Indeed, there existed no incentive for anyone at SuperAmerica to disparately treat the plaintiff. At his time of hire, Mr. McKnight was a highly desirable managerial candidate, as he had earned a masters degree and aspired to move up to a financial management position; these factors no doubt contributed significantly to SuperAmerica’s decision to start him at $30,000 per year, the highest pay level for his position. SuperAmerica then invested four (4) months of training in him before assigning him to his first store; it defies logic to think that, as argued by the plaintiff, the defendant would have expended such time and money in Mr. McKnight’s development in order to “set him up” by “creating a situation that would make it possible to disparage him and build a pretext for discharging him.” We recognize, of course, that unlawful discrimination, by definition, involves employers making illogical and unreasonable decisions. Nevertheless, few such employers would, as charged by the plaintiff, spend nearly half a year devising and implementing an elaborate scheme to terminate an employee while paying that employee at the maximum rate and offering lengthy training simply to throw off suspicion.

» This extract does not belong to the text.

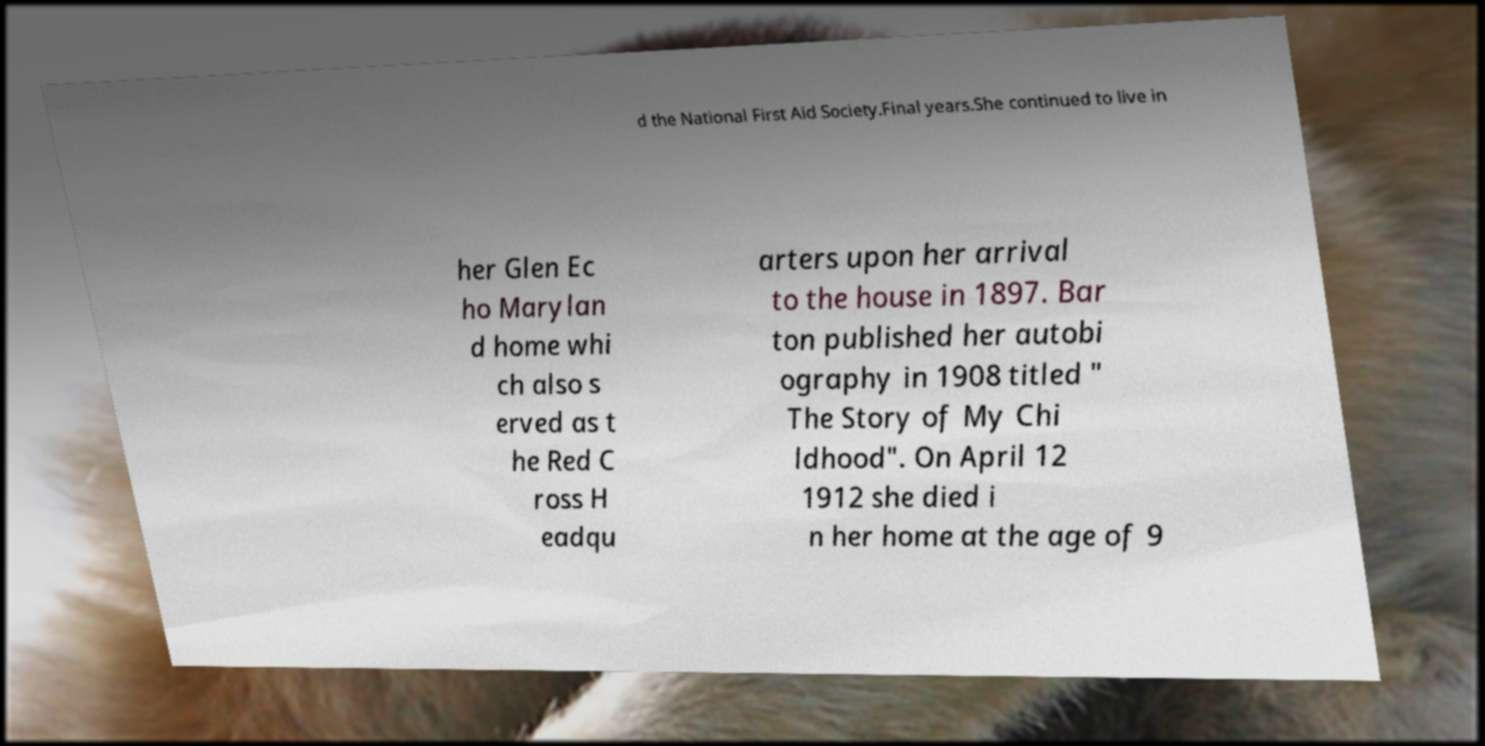Could you assist in decoding the text presented in this image and type it out clearly? d the National First Aid Society.Final years.She continued to live in her Glen Ec ho Marylan d home whi ch also s erved as t he Red C ross H eadqu arters upon her arrival to the house in 1897. Bar ton published her autobi ography in 1908 titled " The Story of My Chi ldhood". On April 12 1912 she died i n her home at the age of 9 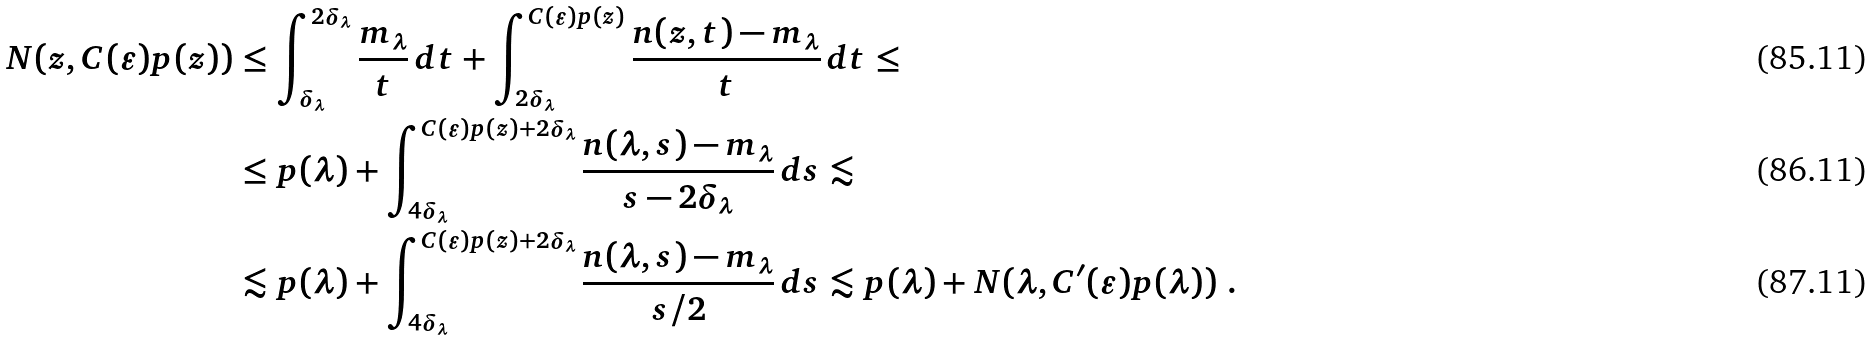Convert formula to latex. <formula><loc_0><loc_0><loc_500><loc_500>N ( z , C ( \varepsilon ) p ( z ) ) & \leq \int _ { \delta _ { \lambda } } ^ { 2 \delta _ { \lambda } } \frac { m _ { \lambda } } t \, d t + \int _ { 2 \delta _ { \lambda } } ^ { C ( \varepsilon ) p ( z ) } \frac { n ( z , t ) - m _ { \lambda } } t \, d t \leq \\ & \leq p ( \lambda ) + \int _ { 4 \delta _ { \lambda } } ^ { C ( \varepsilon ) p ( z ) + 2 \delta _ { \lambda } } \frac { n ( \lambda , s ) - m _ { \lambda } } { s - 2 \delta _ { \lambda } } \, d s \lesssim \\ & \lesssim p ( \lambda ) + \int _ { 4 \delta _ { \lambda } } ^ { C ( \varepsilon ) p ( z ) + 2 \delta _ { \lambda } } \frac { n ( \lambda , s ) - m _ { \lambda } } { s / 2 } \, d s \lesssim p ( \lambda ) + N ( \lambda , C ^ { \prime } ( \varepsilon ) p ( \lambda ) ) \ .</formula>

The plaintiff’s “examples” of instances in which he was disparately treated by Mr. Yencheske are unavailing because he does not compare himself to a “similarly situated” employee. Mr. McKnight claims that he, but not a white assistant manager, was criticized by Mr. Yencheske for reporting to work late and for failing to promptly deposit excess money from the cash register into a drop box. Even assuming this is true, however, there is nothing inappropriate with holding a trainee manager to a higher standard than an experienced assistant manager or other lower-level employee. As a store manager, Mr. McKnight would be solely responsible for implementing SuperAmerica policies and procedures throughout his workforce; this would obviously require that he be much more familiar (and committed) to such practices than other employees. Moreover, a manager sets the standard of conduct to which other employees are to adhere; a lower-level employee can hardly be expected to respond and adhere to the instructions of a manager who is unwilling or unable to conduct himself in a similar manner. Mr. McKnight, then, cannot analogize his treatment with that of an assistant manager because, as a trainee manager, he was not similarly situated; his conduct could rightfully be subjected to a higher degree of scrutiny, especially when he was on probationary status. The plaintiff has presented no evidence to show that a white probationary trainee manager would have been treated any differently than he. As a result, he has not met his prima facie case, and summary judgment in favor of the defendant is again appropriate.

IV. SUMMARY

For the foregoing reasons, IT IS HEREBY ORDERED that the defendant’s Motion for Summary Judgment pursuant to Rule 56(c) be GRANTED in the above-captioned matter, and that this ease be DISMISSED forthwith.

SO ORDERED. 
      
      . While the plaintiff contests this, as well as other, proposed findings, he only does so based on "McKnight's deposition, his affidavit, Besaw’s affidavit, and Williamson’s affidavit,” and does not reference any page numbers in those documents- to support his position. Because Local Rule 6.05(b)(1) contemplates a more detailed response, we must accept as undisputed any such proposed findings, if adequately supported by the record, unless the plaintiff has presented contrary evidence in the more-detailed statement of facts contained in his brief. See Pl.Mem.Opp'n Summ.J. at 3-14.
     
      
      . While the plaintiff provides an affidavit from Jean Besaw, a former SuperAmerica store manager in Neenah, Wisconsin, which is over one and one-half hours north of Milwaukee, to buttress his claims, Ms. Besaw neither observed his performance nor worked within Mr. Bandani’s area of management. As a result, her opinions carry little weight with respect to the matters being addressed in this case.
     
      
      . Because we have found summary judgment appropriate on this basis, we need not address whether the plaintiff’s discriminatory termination claim is barred by the doctrine of collateral estoppel.